# Can you weld in Pacesetter headers using stock midpipes?



## justin-branam (Oct 31, 2008)

i want to keep my cats, and was wondering if i could just get the headers, and have them welded directly up to my stock exhaust or do i have to buy new mid pipes? if i need new mid pipes, are there any with cats that will work with the pacesetters? thanks.

....and yes, i tried the search button a few times before writing this with no success.


----------



## mikes06goat (Jan 13, 2009)

just buy shorties instead of long tubes and they should bolt directly up to your stock exhaust.

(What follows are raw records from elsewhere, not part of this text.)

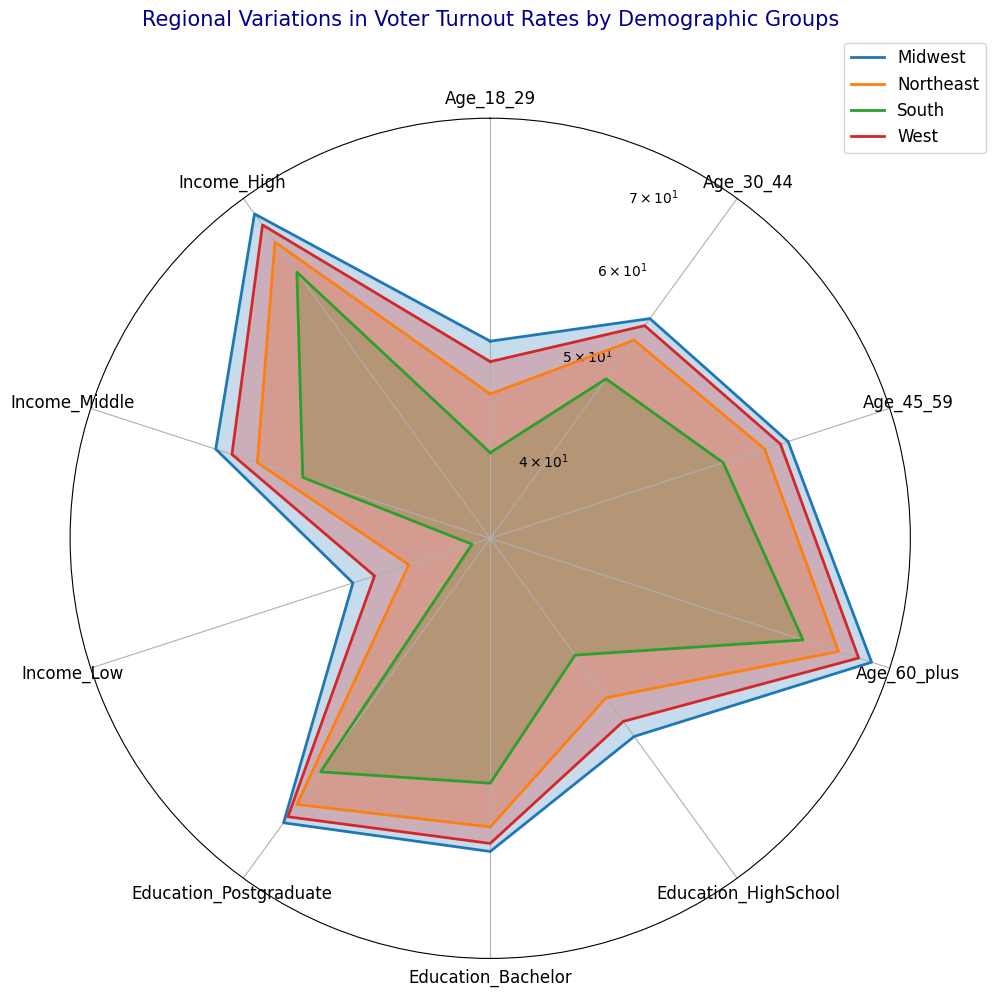Which region has the highest voter turnout rate for the 60+ age group? To identify the region with the highest turnout rate for the 60+ age group, look at the values around the "Age_60_plus" category and compare their heights. The Midwest has the highest value.
Answer: Midwest Which region shows the lowest voter turnout rate for people with a high school education? To find the lowest turnout rate for those with a high school education, refer to the values around the "Education_HighSchool" category. The South has the lowest value.
Answer: South What's the average voter turnout rate for the Northeast across all demographic categories? To calculate the average for the Northeast, sum up the values for all categories and divide by the number of categories: (45+55+60+70+50+60+65+40+55+70 + 46+56+61+71+51+61+66+41+56+71 + 47+57+62+72+52+62+67+42+57+72) ÷ 30 ≈ 57.4.
Answer: 57.4 How does the voter turnout rate for people aged 18-29 in the South compare to the voter turnout rate for people aged 45-59 in the same region? Compare the values for the "Age_18_29" and "Age_45_59" categories in the South. The 18-29 age group has a turnout rate of 40, 41, and 42 while the 45-59 age group has 55, 56, and 57.
Answer: The 45-59 age group has a higher turnout rate Which demographic group shows the most variation in voter turnout rates across all regions? To determine which group has the most variation, look at how much the values differ across regions. The "Age_60_plus" category shows significant variation from 65 to 77.
Answer: Age 60+ Is there a trend in voter turnout rates for the Midwest among different income levels? Check the values for "Income_Low," "Income_Middle," and "Income_High" in the Midwest. The voter turnout rates are 45, 60, and 75, respectively, and show an increasing trend with higher income.
Answer: Increasing trend with higher income Is the turnout rate for postgraduates higher in the West compared to the South? Compare the turnout rates for the "Education_Postgraduate" category in the West and South. The West has 67, 68, and 69 while the South has 60, 61, and 62.
Answer: Yes, the turnout is higher in the West Which region demonstrates the least variation in voter turnout rates across all demographic groups? Assess the range of values in each region. The Northeast shows the least variation with values relatively close to each other.
Answer: Northeast What is the difference in voter turnout rates between the highest and lowest turnout regions for the Income_High group? Identify the highest and lowest values for the "Income_High" category. The Midwest has the highest (75) and the South has the lowest (65). The difference is 75 - 65 = 10.
Answer: 10 How do voter turnout rates for the 30-44 age group vary across regions? Compare the "Age_30_44" category values for each region. The values range from 50 in the South to 60 in the Midwest.
Answer: Range is 50 to 60

I believe JBA or edelbrock will work perfect. If you want to go pacesetter long tubes the midpipes are pretty reasonable from marylandspeed.com


----------



## alsgto04 (Nov 21, 2007)

The JBA's do bolt on directly. Hope this helps.


----------



## mikes06goat (Jan 13, 2009)

What do you think of the OBX racing shorties? They are pretty ugly but stainless and about half the price of JBA.


----------



## svede1212 (Nov 1, 2005)

have a muffler shop mod your mids. if you can find a good gearhead group of guys they'll do it fairly inexpensively. i had my SLP LT's collectors modded with 3 bolt flanges as well as the stock modified mids to mate up which makes them easy to take apart.


----------



## justin-branam (Oct 31, 2008)

svede1212 said:


> have a muffler shop mod your mids. if you can find a good gearhead group of guys they'll do it fairly inexpensively. i had my SLP LT's collectors modded with 3 bolt flanges as well as the stock modified mids to mate up which makes them easy to take apart.



Awesome. Thanks!


----------